• 2007 yapımı bağımsız film..
    bir gencin üvey kardesini aramak amacıyla çıktığı yolculukta başından geçenler...
    orta karar bir film olsa da (bkz: zoey deschanel) için izlemeye değer..
  • çok şirin sempatik bir filmdir the go-getter.
    içinde hem zooey deschanel hem de jena malone'u barındırabilecek potansiyele sahip harika bir yol hikayesidir.

    anasının ölümünü abisine haber vermek için bir adet araba çalıp yola çıkan mercer'ın hikayesidir film. ne tesadüftür ki çaldığı arabanın sahibi zooey deschanel'in sesidir, ve zooey telefonunu arabada unutmuştur. böylece birbirini hiç görmemiş iki insanın arkadaşlıkları başlar, olaylar gelişir.
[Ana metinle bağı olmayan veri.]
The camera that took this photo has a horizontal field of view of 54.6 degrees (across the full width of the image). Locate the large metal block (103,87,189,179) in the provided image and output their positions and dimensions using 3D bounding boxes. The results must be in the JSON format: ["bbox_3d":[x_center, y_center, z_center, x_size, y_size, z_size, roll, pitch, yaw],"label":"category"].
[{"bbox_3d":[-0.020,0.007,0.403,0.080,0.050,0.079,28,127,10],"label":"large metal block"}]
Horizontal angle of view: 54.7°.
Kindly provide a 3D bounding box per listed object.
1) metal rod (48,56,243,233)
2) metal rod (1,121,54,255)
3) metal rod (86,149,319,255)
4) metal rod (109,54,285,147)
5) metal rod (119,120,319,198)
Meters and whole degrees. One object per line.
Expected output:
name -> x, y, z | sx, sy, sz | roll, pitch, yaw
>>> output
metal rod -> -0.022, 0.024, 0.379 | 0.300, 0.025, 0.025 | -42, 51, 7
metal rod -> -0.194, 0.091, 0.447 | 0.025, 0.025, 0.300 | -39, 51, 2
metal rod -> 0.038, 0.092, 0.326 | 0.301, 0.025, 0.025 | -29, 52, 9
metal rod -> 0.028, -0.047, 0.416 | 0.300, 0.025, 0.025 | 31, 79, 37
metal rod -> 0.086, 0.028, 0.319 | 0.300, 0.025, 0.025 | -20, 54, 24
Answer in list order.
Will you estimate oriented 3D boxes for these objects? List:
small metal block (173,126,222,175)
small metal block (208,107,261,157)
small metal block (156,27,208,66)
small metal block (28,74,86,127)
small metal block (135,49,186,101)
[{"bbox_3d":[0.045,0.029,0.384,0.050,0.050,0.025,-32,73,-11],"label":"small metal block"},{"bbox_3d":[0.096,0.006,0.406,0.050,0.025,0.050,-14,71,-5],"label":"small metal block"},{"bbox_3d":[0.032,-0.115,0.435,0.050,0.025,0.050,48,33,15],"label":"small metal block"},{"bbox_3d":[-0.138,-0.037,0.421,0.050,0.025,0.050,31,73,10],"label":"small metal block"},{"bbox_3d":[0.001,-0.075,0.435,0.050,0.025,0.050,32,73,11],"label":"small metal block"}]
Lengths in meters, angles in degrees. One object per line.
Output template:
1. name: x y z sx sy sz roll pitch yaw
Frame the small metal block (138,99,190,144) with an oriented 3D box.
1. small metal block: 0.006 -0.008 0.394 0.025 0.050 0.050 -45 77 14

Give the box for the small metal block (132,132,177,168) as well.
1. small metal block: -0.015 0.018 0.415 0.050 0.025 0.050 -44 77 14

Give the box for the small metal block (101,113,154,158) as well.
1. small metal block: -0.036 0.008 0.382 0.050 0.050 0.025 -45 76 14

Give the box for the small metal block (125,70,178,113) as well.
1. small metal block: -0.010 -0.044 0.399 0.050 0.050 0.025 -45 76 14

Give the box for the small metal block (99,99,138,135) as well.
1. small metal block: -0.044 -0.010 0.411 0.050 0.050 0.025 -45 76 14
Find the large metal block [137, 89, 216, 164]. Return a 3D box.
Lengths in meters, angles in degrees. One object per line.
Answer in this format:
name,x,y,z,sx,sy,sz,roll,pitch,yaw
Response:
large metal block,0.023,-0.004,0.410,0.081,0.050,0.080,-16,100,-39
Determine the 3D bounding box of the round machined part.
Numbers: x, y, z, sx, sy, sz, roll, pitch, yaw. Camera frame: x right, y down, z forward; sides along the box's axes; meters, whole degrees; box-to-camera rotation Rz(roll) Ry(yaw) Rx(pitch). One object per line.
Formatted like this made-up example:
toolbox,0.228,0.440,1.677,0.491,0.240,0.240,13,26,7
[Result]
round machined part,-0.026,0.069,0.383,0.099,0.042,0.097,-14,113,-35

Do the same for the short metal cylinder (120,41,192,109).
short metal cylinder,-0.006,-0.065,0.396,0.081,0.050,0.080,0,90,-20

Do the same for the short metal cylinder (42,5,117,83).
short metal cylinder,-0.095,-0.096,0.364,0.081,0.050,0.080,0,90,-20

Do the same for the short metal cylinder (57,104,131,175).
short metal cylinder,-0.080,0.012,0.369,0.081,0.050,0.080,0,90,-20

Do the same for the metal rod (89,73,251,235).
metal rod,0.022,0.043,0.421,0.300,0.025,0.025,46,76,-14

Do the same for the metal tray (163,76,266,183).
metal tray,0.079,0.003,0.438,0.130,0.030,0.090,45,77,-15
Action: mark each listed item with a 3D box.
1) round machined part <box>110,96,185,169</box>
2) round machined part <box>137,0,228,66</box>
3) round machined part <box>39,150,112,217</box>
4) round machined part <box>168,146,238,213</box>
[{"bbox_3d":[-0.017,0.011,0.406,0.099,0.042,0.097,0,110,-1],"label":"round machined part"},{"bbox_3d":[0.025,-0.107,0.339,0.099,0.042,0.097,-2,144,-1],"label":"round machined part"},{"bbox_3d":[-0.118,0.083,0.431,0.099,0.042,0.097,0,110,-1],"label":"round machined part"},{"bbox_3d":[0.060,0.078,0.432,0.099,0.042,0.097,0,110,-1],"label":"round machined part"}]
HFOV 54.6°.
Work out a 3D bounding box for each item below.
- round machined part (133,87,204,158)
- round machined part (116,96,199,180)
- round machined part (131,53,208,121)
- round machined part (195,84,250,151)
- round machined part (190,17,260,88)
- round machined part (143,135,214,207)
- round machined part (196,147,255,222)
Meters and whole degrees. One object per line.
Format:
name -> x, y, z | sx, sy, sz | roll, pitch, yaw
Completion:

    hikayesiyle, sinematografisiyle ayrı bir filmdir.

    ayrıca harika bir soundtrack listesi vardır. o da aşağı yukarı şöyle bir şey. dinleyin, dinletin.
  • yönetmeni olan martin hynes'ın hayatından kesitler üzerine kurulu tam anlamıyla tatlı bir film.
    uygulanmış çekim teknikleriyle izlemeyi görsel olarak da keyifli kılıyor.
  • yaklaşık 1 dakika boyunca "to get better" şekline getirmeye çalıştığım cümle.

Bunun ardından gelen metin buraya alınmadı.